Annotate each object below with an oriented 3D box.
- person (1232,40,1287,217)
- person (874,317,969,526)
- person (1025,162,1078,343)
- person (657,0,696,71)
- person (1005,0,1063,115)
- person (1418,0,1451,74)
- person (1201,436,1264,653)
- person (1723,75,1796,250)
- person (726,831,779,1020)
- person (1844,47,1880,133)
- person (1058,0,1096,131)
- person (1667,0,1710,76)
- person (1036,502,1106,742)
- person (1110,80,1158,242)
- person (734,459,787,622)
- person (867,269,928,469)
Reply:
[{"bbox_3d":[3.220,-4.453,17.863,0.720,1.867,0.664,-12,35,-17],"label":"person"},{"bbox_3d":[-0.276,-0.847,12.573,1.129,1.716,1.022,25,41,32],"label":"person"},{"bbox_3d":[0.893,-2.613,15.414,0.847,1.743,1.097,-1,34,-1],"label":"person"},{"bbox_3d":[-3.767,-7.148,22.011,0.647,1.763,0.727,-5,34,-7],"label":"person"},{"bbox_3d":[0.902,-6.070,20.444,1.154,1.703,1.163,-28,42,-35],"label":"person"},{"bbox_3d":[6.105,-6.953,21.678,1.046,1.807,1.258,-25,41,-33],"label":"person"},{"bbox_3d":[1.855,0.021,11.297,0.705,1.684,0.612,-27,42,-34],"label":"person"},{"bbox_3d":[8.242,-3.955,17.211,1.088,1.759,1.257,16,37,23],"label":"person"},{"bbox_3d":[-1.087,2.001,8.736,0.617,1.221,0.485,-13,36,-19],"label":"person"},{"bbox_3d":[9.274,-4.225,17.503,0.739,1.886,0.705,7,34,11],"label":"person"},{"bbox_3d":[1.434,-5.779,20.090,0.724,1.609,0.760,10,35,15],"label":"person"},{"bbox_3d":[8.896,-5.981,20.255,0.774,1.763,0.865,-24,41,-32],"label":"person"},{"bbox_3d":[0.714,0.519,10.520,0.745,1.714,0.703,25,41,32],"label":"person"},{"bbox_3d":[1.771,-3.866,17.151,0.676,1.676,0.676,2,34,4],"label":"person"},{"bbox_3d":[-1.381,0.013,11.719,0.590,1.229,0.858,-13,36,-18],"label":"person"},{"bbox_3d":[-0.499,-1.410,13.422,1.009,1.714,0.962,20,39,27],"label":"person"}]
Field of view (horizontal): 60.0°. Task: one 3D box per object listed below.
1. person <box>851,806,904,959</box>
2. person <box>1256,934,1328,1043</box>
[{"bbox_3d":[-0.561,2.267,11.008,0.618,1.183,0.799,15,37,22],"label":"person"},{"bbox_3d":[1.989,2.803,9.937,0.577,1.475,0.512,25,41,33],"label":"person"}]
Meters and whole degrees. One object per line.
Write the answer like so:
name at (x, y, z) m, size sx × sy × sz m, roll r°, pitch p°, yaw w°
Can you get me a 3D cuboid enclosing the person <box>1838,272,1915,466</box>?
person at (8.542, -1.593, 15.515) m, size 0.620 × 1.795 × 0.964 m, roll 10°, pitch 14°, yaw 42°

# # # # #

Every line from the start of the listing through the line with "name at (x, y, z)" should be reproduced exactly, and no other line.

Finished exercise —
Annotate each object below with an oriented 3D box.
- person (1232,40,1287,217)
- person (874,317,969,526)
- person (1025,162,1078,343)
- person (657,0,696,71)
- person (1005,0,1063,115)
- person (1418,0,1451,74)
- person (1201,436,1264,653)
- person (1723,75,1796,250)
- person (726,831,779,1020)
- person (1844,47,1880,133)
- person (1058,0,1096,131)
- person (1667,0,1710,76)
- person (1036,502,1106,742)
- person (1110,80,1158,242)
- person (734,459,787,622)
- person (867,269,928,469)
Reply:
[{"bbox_3d":[3.220,-4.453,17.863,0.720,1.867,0.664,-12,35,-17],"label":"person"},{"bbox_3d":[-0.276,-0.847,12.573,1.129,1.716,1.022,25,41,32],"label":"person"},{"bbox_3d":[0.893,-2.613,15.414,0.847,1.743,1.097,-1,34,-1],"label":"person"},{"bbox_3d":[-3.767,-7.148,22.011,0.647,1.763,0.727,-5,34,-7],"label":"person"},{"bbox_3d":[0.902,-6.070,20.444,1.154,1.703,1.163,-28,42,-35],"label":"person"},{"bbox_3d":[6.105,-6.953,21.678,1.046,1.807,1.258,-25,41,-33],"label":"person"},{"bbox_3d":[1.855,0.021,11.297,0.705,1.684,0.612,-27,42,-34],"label":"person"},{"bbox_3d":[8.242,-3.955,17.211,1.088,1.759,1.257,16,37,23],"label":"person"},{"bbox_3d":[-1.087,2.001,8.736,0.617,1.221,0.485,-13,36,-19],"label":"person"},{"bbox_3d":[9.274,-4.225,17.503,0.739,1.886,0.705,7,34,11],"label":"person"},{"bbox_3d":[1.434,-5.779,20.090,0.724,1.609,0.760,10,35,15],"label":"person"},{"bbox_3d":[8.896,-5.981,20.255,0.774,1.763,0.865,-24,41,-32],"label":"person"},{"bbox_3d":[0.714,0.519,10.520,0.745,1.714,0.703,25,41,32],"label":"person"},{"bbox_3d":[1.771,-3.866,17.151,0.676,1.676,0.676,2,34,4],"label":"person"},{"bbox_3d":[-1.381,0.013,11.719,0.590,1.229,0.858,-13,36,-18],"label":"person"},{"bbox_3d":[-0.499,-1.410,13.422,1.009,1.714,0.962,20,39,27],"label":"person"}]
Field of view (horizontal): 60.0°. Task: one 3D box per object listed below.
1. person <box>851,806,904,959</box>
2. person <box>1256,934,1328,1043</box>
[{"bbox_3d":[-0.561,2.267,11.008,0.618,1.183,0.799,15,37,22],"label":"person"},{"bbox_3d":[1.989,2.803,9.937,0.577,1.475,0.512,25,41,33],"label":"person"}]
Meters and whole degrees. One object per line.
Write the answer like so:
name at (x, y, z) m, size sx × sy × sz m, roll r°, pitch p°, yaw w°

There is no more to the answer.